The task.
Each entry below is to be transcribed exactly; pictures are not copied.

Exercise material.
════════════════
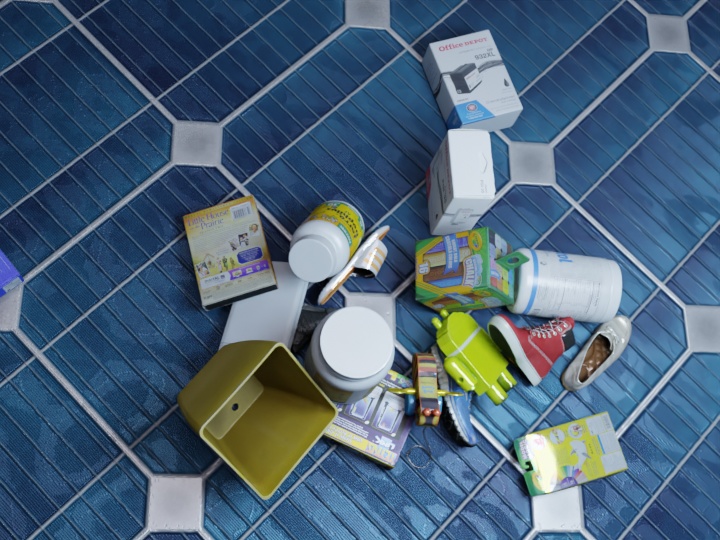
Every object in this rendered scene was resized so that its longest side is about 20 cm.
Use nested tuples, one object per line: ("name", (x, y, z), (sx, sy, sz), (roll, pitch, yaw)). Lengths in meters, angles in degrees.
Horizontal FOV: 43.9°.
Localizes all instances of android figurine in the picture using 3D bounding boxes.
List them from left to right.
("android figurine", (0.210, 0.157, 1.679), (0.200, 0.041, 0.182), (49, 31, 2))

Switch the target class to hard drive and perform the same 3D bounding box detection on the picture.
("hard drive", (-0.177, 0.074, 1.673), (0.132, 0.027, 0.200), (4, 60, 16))

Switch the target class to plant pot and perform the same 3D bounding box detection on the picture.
("plant pot", (-0.199, 0.238, 1.550), (0.200, 0.176, 0.200), (-49, 125, -20))

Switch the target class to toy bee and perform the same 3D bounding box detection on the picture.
("toy bee", (0.125, 0.237, 1.599), (0.131, 0.109, 0.200), (-17, 74, -14))

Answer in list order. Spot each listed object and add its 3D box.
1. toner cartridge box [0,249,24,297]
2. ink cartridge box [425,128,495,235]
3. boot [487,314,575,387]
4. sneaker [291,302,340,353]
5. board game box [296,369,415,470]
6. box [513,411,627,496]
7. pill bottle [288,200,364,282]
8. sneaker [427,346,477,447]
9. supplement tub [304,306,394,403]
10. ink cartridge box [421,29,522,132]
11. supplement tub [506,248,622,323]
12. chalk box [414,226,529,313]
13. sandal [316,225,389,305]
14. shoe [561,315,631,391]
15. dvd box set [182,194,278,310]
("toner cartridge box", (-0.724, -0.033, 1.654), (0.095, 0.043, 0.200), (-37, 81, -19))
("ink cartridge box", (0.192, -0.171, 1.757), (0.083, 0.200, 0.147), (0, 71, -9))
("boot", (0.330, 0.114, 1.690), (0.144, 0.200, 0.072), (-44, 40, -4))
("sneaker", (-0.105, 0.116, 1.689), (0.200, 0.060, 0.104), (14, 65, 5))
("board game box", (0.002, 0.252, 1.662), (0.200, 0.057, 0.165), (26, 72, 1))
("box", (0.392, 0.350, 1.694), (0.200, 0.048, 0.117), (-12, 74, -15))
("pill bottle", (-0.066, -0.053, 1.671), (0.113, 0.200, 0.113), (5, 112, 12))
("sneaker", (0.192, 0.233, 1.686), (0.089, 0.079, 0.200), (-11, 73, -10))
("supplement tub", (-0.019, 0.147, 1.558), (0.145, 0.200, 0.145), (3, 72, -8))
("ink cartridge box", (0.236, -0.395, 1.902), (0.145, 0.084, 0.200), (-16, 75, -13))
("supplement tub", (0.395, 0.030, 1.758), (0.200, 0.132, 0.132), (6, 71, -7))
("chalk box", (0.218, 0.000, 1.694), (0.200, 0.125, 0.124), (-10, 68, 31))
("sandal", (-0.001, 0.002, 1.740), (0.059, 0.079, 0.207), (40, 79, 5))
("shoe", (0.476, 0.161, 1.766), (0.070, 0.053, 0.200), (43, 71, 7))
("dvd box set", (-0.249, -0.035, 1.703), (0.146, 0.029, 0.200), (-18, 66, -1))
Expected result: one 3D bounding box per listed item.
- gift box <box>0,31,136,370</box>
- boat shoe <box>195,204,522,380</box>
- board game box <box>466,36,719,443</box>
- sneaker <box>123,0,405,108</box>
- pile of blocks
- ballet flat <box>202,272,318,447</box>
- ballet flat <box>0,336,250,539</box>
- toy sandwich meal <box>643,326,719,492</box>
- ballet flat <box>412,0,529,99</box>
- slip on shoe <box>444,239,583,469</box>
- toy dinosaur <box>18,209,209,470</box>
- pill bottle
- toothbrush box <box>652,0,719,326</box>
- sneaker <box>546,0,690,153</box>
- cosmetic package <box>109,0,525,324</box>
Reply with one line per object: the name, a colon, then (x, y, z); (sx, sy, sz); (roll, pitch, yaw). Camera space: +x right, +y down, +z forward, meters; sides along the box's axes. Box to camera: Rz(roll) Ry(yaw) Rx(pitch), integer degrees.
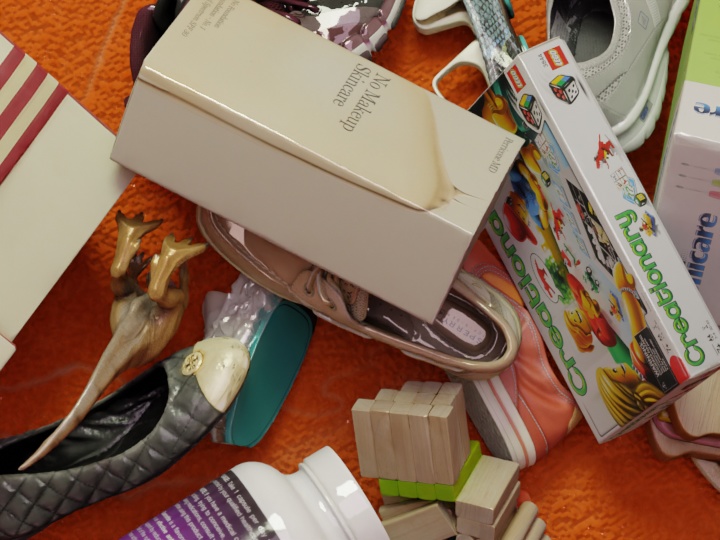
════════════════
Reply.
Every object in this rendered scene was resized so that its longest side is about 20 cm.
Use nested tuples, one object per line: ("name", (x, y, z), (sx, sy, sz), (roll, pitch, yaw)). Lengths in meters, angles in degrees.
Horizontal FOV: 43.9°.
Localizes all instances of android figurine in the picture using 3D bounding boxes.
List them from left to right.
("android figurine", (0.210, 0.157, 1.679), (0.200, 0.041, 0.182), (49, 31, 2))

Switch the target class to hard drive and perform the same 3D bounding box detection on the picture.
("hard drive", (-0.177, 0.074, 1.673), (0.132, 0.027, 0.200), (4, 60, 16))

Switch the target class to plant pot and perform the same 3D bounding box detection on the picture.
("plant pot", (-0.199, 0.238, 1.550), (0.200, 0.176, 0.200), (-49, 125, -20))

Switch the target class to toy bee and perform the same 3D bounding box detection on the picture.
("toy bee", (0.125, 0.237, 1.599), (0.131, 0.109, 0.200), (-17, 74, -14))

Answer in list order. Spot each listed object and add its 3D box.
1. toner cartridge box [0,249,24,297]
2. ink cartridge box [425,128,495,235]
3. boot [487,314,575,387]
4. sneaker [291,302,340,353]
5. board game box [296,369,415,470]
6. box [513,411,627,496]
7. pill bottle [288,200,364,282]
8. sneaker [427,346,477,447]
9. supplement tub [304,306,394,403]
10. ink cartridge box [421,29,522,132]
11. supplement tub [506,248,622,323]
12. chalk box [414,226,529,313]
13. sandal [316,225,389,305]
14. shoe [561,315,631,391]
15. dvd box set [182,194,278,310]
("toner cartridge box", (-0.724, -0.033, 1.654), (0.095, 0.043, 0.200), (-37, 81, -19))
("ink cartridge box", (0.192, -0.171, 1.757), (0.083, 0.200, 0.147), (0, 71, -9))
("boot", (0.330, 0.114, 1.690), (0.144, 0.200, 0.072), (-44, 40, -4))
("sneaker", (-0.105, 0.116, 1.689), (0.200, 0.060, 0.104), (14, 65, 5))
("board game box", (0.002, 0.252, 1.662), (0.200, 0.057, 0.165), (26, 72, 1))
("box", (0.392, 0.350, 1.694), (0.200, 0.048, 0.117), (-12, 74, -15))
("pill bottle", (-0.066, -0.053, 1.671), (0.113, 0.200, 0.113), (5, 112, 12))
("sneaker", (0.192, 0.233, 1.686), (0.089, 0.079, 0.200), (-11, 73, -10))
("supplement tub", (-0.019, 0.147, 1.558), (0.145, 0.200, 0.145), (3, 72, -8))
("ink cartridge box", (0.236, -0.395, 1.902), (0.145, 0.084, 0.200), (-16, 75, -13))
("supplement tub", (0.395, 0.030, 1.758), (0.200, 0.132, 0.132), (6, 71, -7))
("chalk box", (0.218, 0.000, 1.694), (0.200, 0.125, 0.124), (-10, 68, 31))
("sandal", (-0.001, 0.002, 1.740), (0.059, 0.079, 0.207), (40, 79, 5))
("shoe", (0.476, 0.161, 1.766), (0.070, 0.053, 0.200), (43, 71, 7))
("dvd box set", (-0.249, -0.035, 1.703), (0.146, 0.029, 0.200), (-18, 66, -1))
Expected result: one 3D bounding box per listed item.
- gift box <box>0,31,136,370</box>
- boat shoe <box>195,204,522,380</box>
- board game box <box>466,36,719,443</box>
- sneaker <box>123,0,405,108</box>
- pile of blocks
- ballet flat <box>202,272,318,447</box>
- ballet flat <box>0,336,250,539</box>
- toy sandwich meal <box>643,326,719,492</box>
- ballet flat <box>412,0,529,99</box>
- slip on shoe <box>444,239,583,469</box>
- toy dinosaur <box>18,209,209,470</box>
- pill bottle
- toothbrush box <box>652,0,719,326</box>
- sneaker <box>546,0,690,153</box>
- cosmetic package <box>109,0,525,324</box>
Reply with one line per object: the name, a colon, then (x, y, z); (sx, sy, sz); (roll, pitch, yaw). Camera space: +x right, +y down, +z forward, meters; sides along the box's axes. Box to camera: Rz(roll) Ry(yaw) Rx(pitch), integer degrees.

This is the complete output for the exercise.